■ What to do: The data below holds a line containing "Write a very short answer. 52,700-405,700." and a line containing "Concise answer only. No. Name"; please quote exactly those two lines and every line between them, and nothing else.

•••

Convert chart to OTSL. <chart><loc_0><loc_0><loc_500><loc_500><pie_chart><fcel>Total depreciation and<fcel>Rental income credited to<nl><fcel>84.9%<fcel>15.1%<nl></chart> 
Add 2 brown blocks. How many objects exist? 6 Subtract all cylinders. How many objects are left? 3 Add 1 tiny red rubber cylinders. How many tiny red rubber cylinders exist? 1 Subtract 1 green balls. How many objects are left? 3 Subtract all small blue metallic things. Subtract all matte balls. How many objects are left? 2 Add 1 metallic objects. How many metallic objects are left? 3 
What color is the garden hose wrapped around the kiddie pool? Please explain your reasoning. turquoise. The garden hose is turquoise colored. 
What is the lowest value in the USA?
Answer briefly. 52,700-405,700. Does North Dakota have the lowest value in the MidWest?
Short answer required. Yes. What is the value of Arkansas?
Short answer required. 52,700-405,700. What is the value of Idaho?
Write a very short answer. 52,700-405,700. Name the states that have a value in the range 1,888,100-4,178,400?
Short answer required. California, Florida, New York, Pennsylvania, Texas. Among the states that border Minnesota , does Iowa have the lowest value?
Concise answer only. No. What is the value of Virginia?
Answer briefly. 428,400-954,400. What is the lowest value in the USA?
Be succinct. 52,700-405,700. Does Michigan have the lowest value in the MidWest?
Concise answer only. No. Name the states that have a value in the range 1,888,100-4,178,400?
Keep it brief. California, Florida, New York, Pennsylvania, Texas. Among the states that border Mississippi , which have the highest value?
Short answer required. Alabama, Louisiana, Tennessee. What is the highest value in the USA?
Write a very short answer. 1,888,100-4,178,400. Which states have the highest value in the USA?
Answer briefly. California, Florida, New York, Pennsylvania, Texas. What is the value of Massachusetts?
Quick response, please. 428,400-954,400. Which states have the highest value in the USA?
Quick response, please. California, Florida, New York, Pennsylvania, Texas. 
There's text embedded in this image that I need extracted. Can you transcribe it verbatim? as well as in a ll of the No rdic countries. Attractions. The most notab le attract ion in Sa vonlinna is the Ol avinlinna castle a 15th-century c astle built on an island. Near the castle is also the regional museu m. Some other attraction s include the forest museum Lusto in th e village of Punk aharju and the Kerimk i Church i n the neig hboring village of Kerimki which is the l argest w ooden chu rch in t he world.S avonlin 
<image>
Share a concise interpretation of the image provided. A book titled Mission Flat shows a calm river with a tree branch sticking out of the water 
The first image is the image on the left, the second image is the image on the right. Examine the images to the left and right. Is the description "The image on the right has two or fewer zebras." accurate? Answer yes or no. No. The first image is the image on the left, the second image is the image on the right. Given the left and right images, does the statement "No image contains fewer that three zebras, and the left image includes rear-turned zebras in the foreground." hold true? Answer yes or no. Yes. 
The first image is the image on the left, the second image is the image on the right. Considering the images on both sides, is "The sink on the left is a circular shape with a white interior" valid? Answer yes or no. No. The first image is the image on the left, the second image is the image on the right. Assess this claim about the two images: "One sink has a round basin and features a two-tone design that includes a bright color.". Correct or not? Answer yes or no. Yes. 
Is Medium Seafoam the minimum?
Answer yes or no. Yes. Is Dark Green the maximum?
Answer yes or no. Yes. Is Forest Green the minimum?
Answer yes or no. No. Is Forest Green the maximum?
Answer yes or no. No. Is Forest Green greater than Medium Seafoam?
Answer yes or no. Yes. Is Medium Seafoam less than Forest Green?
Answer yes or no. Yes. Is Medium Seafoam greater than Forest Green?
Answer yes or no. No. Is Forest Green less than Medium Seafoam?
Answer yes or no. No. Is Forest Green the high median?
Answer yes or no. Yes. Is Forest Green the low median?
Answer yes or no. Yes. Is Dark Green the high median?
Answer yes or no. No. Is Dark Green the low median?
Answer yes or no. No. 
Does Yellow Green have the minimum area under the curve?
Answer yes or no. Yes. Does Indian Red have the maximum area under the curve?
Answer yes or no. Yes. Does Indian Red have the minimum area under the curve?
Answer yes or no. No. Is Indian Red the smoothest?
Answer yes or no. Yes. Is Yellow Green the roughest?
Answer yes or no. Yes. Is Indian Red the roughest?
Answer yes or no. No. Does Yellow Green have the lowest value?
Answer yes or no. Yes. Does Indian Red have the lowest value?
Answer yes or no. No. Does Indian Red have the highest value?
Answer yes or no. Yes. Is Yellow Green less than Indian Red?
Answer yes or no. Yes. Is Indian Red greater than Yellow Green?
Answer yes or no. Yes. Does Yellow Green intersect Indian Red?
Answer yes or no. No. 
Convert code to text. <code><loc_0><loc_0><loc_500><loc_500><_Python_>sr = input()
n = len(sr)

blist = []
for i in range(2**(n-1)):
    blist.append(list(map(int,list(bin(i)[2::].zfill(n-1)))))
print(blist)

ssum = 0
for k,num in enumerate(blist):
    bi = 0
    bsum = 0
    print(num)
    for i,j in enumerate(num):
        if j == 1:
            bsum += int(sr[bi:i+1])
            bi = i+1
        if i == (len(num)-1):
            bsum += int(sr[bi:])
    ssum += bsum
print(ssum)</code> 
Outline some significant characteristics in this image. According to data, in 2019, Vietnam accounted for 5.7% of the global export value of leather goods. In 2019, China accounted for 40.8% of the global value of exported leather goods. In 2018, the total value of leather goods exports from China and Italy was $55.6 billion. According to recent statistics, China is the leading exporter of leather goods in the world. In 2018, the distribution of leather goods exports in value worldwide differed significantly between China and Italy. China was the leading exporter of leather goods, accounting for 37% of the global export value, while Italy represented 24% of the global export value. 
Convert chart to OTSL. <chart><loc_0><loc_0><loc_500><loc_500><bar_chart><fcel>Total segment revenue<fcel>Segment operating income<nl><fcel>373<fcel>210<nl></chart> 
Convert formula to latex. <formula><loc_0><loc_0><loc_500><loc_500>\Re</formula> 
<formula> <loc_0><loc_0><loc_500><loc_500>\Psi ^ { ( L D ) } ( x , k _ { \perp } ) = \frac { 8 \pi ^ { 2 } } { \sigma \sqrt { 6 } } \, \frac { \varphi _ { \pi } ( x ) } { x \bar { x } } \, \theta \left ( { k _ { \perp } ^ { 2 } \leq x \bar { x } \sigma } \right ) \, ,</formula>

•••

■ Output of the task:
Write a very short answer. 52,700-405,700. Name the states that have a value in the range 1,888,100-4,178,400?
Short answer required. California, Florida, New York, Pennsylvania, Texas. Among the states that border Minnesota , does Iowa have the lowest value?
Concise answer only. No. What is the value of Virginia?
Answer briefly. 428,400-954,400. What is the lowest value in the USA?
Be succinct. 52,700-405,700. Does Michigan have the lowest value in the MidWest?
Concise answer only. No. Name the states that have a value in the range 1,888,100-4,178,400?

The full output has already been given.